Step 1 Given: The following parametric equations, \(x=\ -7\ \cos(2t),\ y=\ -7\ \sin(2t),\ 0\ \leq\ t\ \leq\ \pi.\)

Step 2 a) To eliminate the parameter to obtain an equation in x and y. We have, The following parametric equations, (1)\(x =\ −7 \cos(2t)\)

\(y =\ −7 \sin(2t)\)(2) Adding equations (1) and (2), we get \(x^{2}\ +\ y^{2}=(-7\ \cos(2t))^{2}\ +\ (-7\ \sin(2t))^{2}\)

\(=49\ \cos^{2}(2t)\ +\ 49\ \sin^{2}(2t)\)

\(=49(\cos^{2}(2t)\ +\ \sin^{2}(2t))\)

\(=49(1)\ \because \text{By using trignometric identity}\)

\(=49\) An equation in x and y is \(x^{2}\ +\ y^{2} = 49.\) Step 3 b) To describe the curve and indicate the positive orientation.
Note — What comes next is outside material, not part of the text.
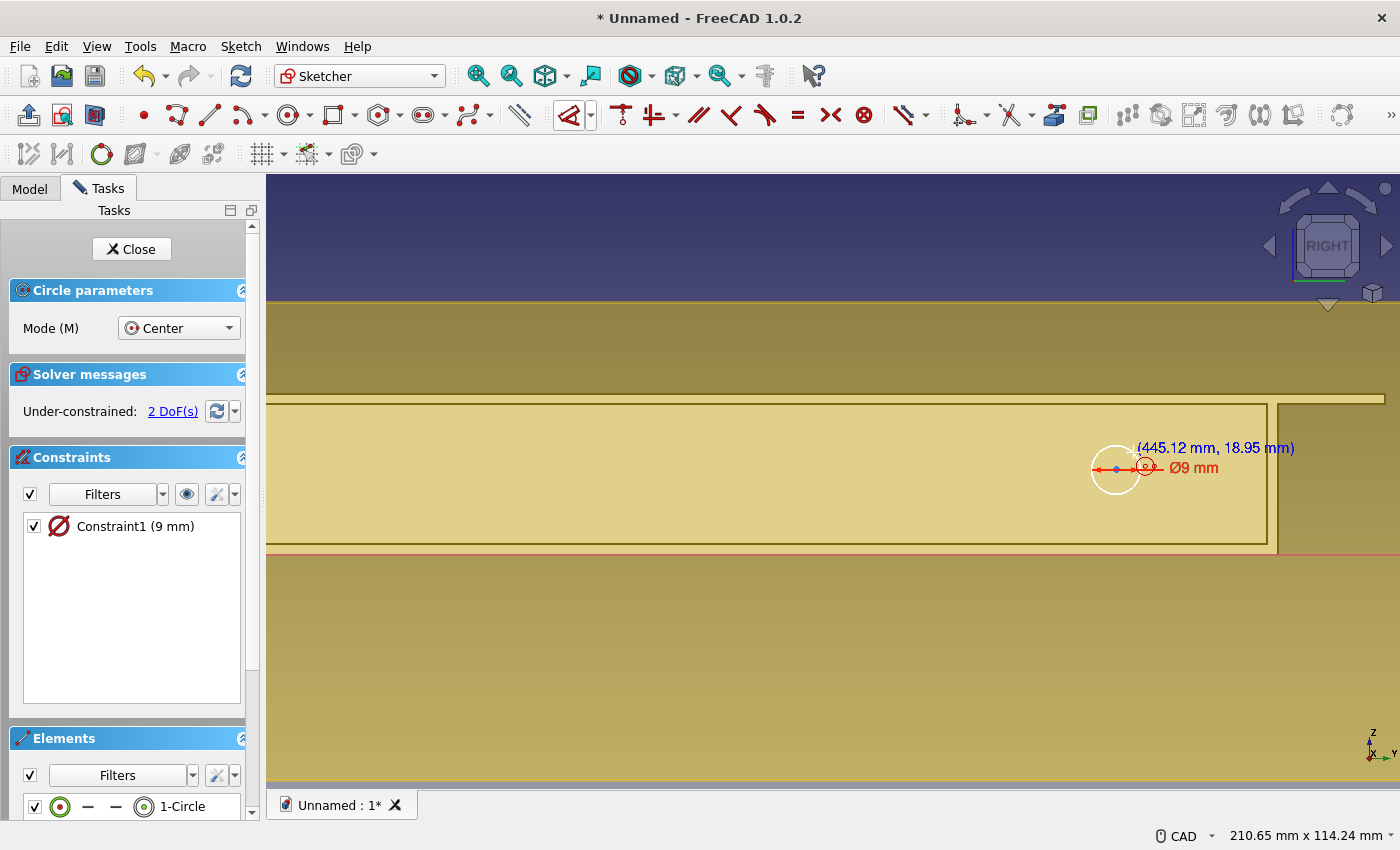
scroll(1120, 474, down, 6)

We have, \(x^{2}\ +\ y^{2} = (7)^{2}.\) The curve represents a circle at the origin, \((0,\ 0)\ \text{and radius,}\ r = 7.\) To indicate the positive orientation, we will use the following parametric equations, \(x =\ −7\ \cos(2t),\ y =\ −7\ \sin(2t),\ 0\ \leq\ t\ \leq\ \pi.\) The interval given is \(0\ \leq\ t\ \leq\ \pi.\)

\(x =\ −7\ \cos(2(0)) =\ −7(\cos(0)) =\ −7(1) =\ −7\)

\(y =\ −7\ \sin(2(0)) =\ −7(\sin(0)) =\ −7(0) = 0.\) Implies the initial point is \((−7,\ 0).\) For \(t = \pi,\)

\(x =\ −7\ \cos(2\ \pi) =\ −7(1) =\ −7y =\ −7\ \sin(2\ \pi) =\ −7(0) = 0.\) Implies the end point is \((−7,\ 0).\) The initial point and the end point are equal, that is, \((−7,\ 0).\) Hence, the orientation is positive in anticlockwise direction.